LATEST GST CASE LAWS: 18.11.2025
🔥📛 HC: 2-yr limitation for claiming refund of wrongly paid tax only directory; Directs merit-based decision
➡️ The Karnataka High Court held that the two-year limitation for refund under Section 54 cannot defeat a claim where tax was collected without authority of law.
➡️ Applying Article 265 and the principles of restitution/unjust enrichment, the Court held that the department cannot retain IGST paid by mistake when the taxpayer was not liable to pay it.
➡️ Referring to Section 77 of the CGST Act, Section 19 of the IGST Act, and Rule 89(1A), the Court emphasized that taxes wrongly paid under the wrong head (inter-State vs. intra-State) must be refunded.
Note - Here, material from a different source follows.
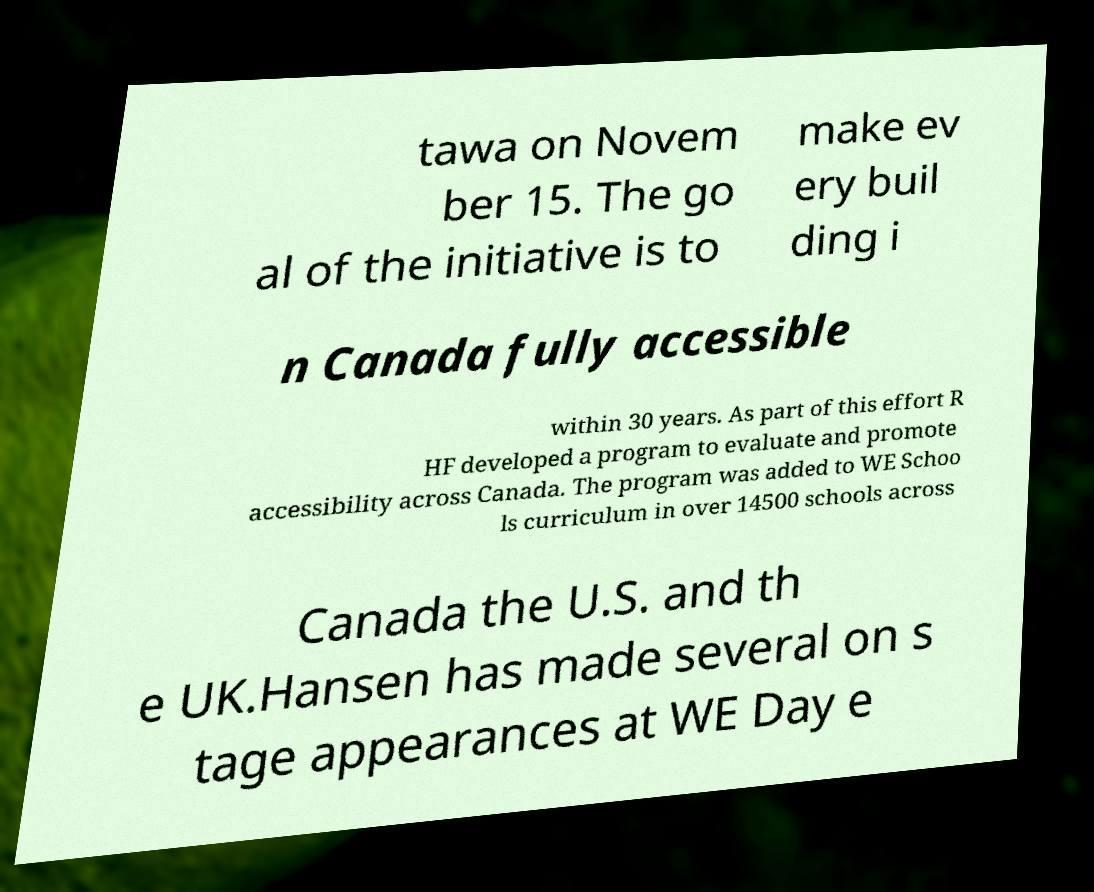Can you accurately transcribe the text from the provided image for me? tawa on Novem ber 15. The go al of the initiative is to make ev ery buil ding i n Canada fully accessible within 30 years. As part of this effort R HF developed a program to evaluate and promote accessibility across Canada. The program was added to WE Schoo ls curriculum in over 14500 schools across Canada the U.S. and th e UK.Hansen has made several on s tage appearances at WE Day e

➡️ The Court relied on the Madras HC (Lenovo India) and AP HC (Nspira Management) to reaffirm that refund cannot be denied on limitation when tax was inadvertently paid and subsequently correctly discharged under another head.
➡️ Since the Revenue admitted the excess IGST payment but rejected the claim only on limitation, the HC set aside the order and remanded the case for a fresh decision on merits, confirming the assessee’s entitlement to refund.
✔️ Karnataka HC – Merck Life Science Private Limited Vs Union of India & Ors [WRIT PETITION NO. 27259 OF 2024 (T-RES)]
🔥📛 ISD mechanism compulsory for distribution of common input service ITC from 1 April 2025; shifting credit from regular GST registration to ISD not allowed: AAR
➡️ ISD registration becomes mandatory for common input services from 1 April 2025 as per the amended provisions introduced through Notification No. 16/2024-Central Tax.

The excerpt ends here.